#### [Task to carry out]
Write out each record exactly as given, but do not include the pictures.

#### [Records to use]
....

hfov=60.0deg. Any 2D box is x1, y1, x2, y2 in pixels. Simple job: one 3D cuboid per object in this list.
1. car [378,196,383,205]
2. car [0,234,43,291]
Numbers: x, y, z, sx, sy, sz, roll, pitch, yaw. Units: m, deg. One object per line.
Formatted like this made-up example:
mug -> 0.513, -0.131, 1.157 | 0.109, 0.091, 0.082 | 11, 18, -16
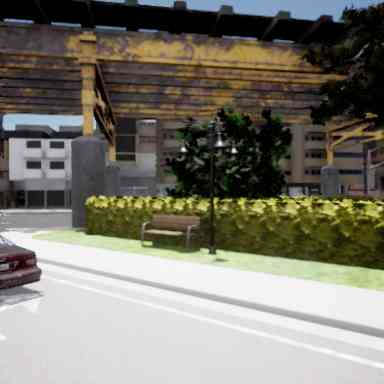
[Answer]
car -> 30.009, 1.300, 50.674 | 1.853, 1.218, 4.536 | 0, 0, 16
car -> -5.827, 1.560, 8.124 | 5.357, 1.411, 2.033 | 0, 0, 36
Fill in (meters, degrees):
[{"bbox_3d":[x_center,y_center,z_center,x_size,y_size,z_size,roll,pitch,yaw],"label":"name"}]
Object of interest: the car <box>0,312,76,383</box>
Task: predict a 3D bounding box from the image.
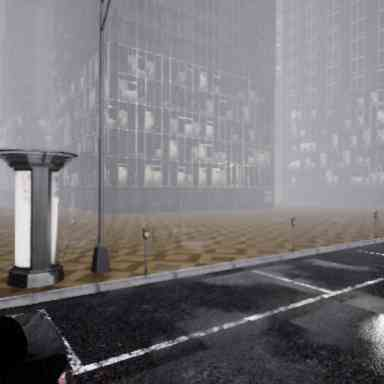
[{"bbox_3d":[-2.982,1.467,1.300,4.902,1.511,2.128,0,0,-35],"label":"car"}]
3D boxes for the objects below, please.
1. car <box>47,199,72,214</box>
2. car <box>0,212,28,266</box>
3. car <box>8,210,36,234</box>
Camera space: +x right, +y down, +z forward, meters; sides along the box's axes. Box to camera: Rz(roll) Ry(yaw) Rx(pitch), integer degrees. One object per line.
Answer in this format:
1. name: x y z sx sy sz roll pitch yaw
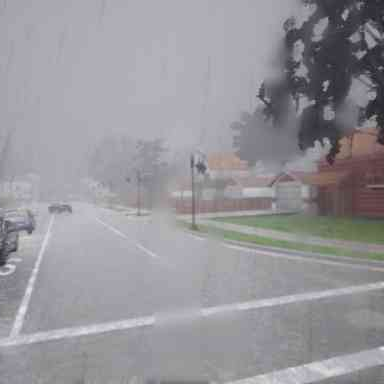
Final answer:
1. car: -17.988 2.127 45.157 1.837 1.490 4.892 -1 0 -43
2. car: -7.554 1.730 12.175 2.128 1.511 4.902 -1 0 -21
3. car: -11.201 1.887 21.484 1.812 1.442 4.674 -1 0 -22
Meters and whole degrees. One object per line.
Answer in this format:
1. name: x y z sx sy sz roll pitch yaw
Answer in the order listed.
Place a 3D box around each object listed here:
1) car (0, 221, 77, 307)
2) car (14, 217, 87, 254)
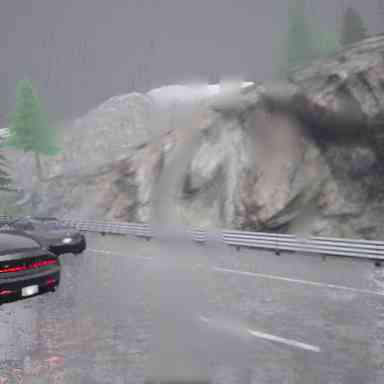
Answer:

....

#### [Answer to the exercise]
hfov=60.0deg. Any 2D box is x1, y1, x2, y2 in pixels. Simple job: one 3D cuboid per object in this list.
1. car [378,196,383,205]
2. car [0,234,43,291]
Numbers: x, y, z, sx, sy, sz, roll, pitch, yaw. Units: m, deg. One object per line.
Formatted like this made-up example:
mug -> 0.513, -0.131, 1.157 | 0.109, 0.091, 0.082 | 11, 18, -16
[Answer]
car -> 30.009, 1.300, 50.674 | 1.853, 1.218, 4.536 | 0, 0, 16
car -> -5.827, 1.560, 8.124 | 5.357, 1.411, 2.033 | 0, 0, 36
Fill in (meters, degrees):
[{"bbox_3d":[x_center,y_center,z_center,x_size,y_size,z_size,roll,pitch,yaw],"label":"name"}]
Object of interest: the car <box>0,312,76,383</box>
Task: predict a 3D bounding box from the image.
[{"bbox_3d":[-2.982,1.467,1.300,4.902,1.511,2.128,0,0,-35],"label":"car"}]
3D boxes for the objects below, please.
1. car <box>47,199,72,214</box>
2. car <box>0,212,28,266</box>
3. car <box>8,210,36,234</box>
Camera space: +x right, +y down, +z forward, meters; sides along the box's axes. Box to camera: Rz(roll) Ry(yaw) Rx(pitch), integer degrees. One object per line.
Answer in this format:
1. name: x y z sx sy sz roll pitch yaw
Final answer:
1. car: -17.988 2.127 45.157 1.837 1.490 4.892 -1 0 -43
2. car: -7.554 1.730 12.175 2.128 1.511 4.902 -1 0 -21
3. car: -11.201 1.887 21.484 1.812 1.442 4.674 -1 0 -22
Meters and whole degrees. One object per line.
Answer in this format:
1. name: x y z sx sy sz roll pitch yaw
Answer in the order listed.
Place a 3D box around each object listed here:
1) car (0, 221, 77, 307)
2) car (14, 217, 87, 254)
Answer:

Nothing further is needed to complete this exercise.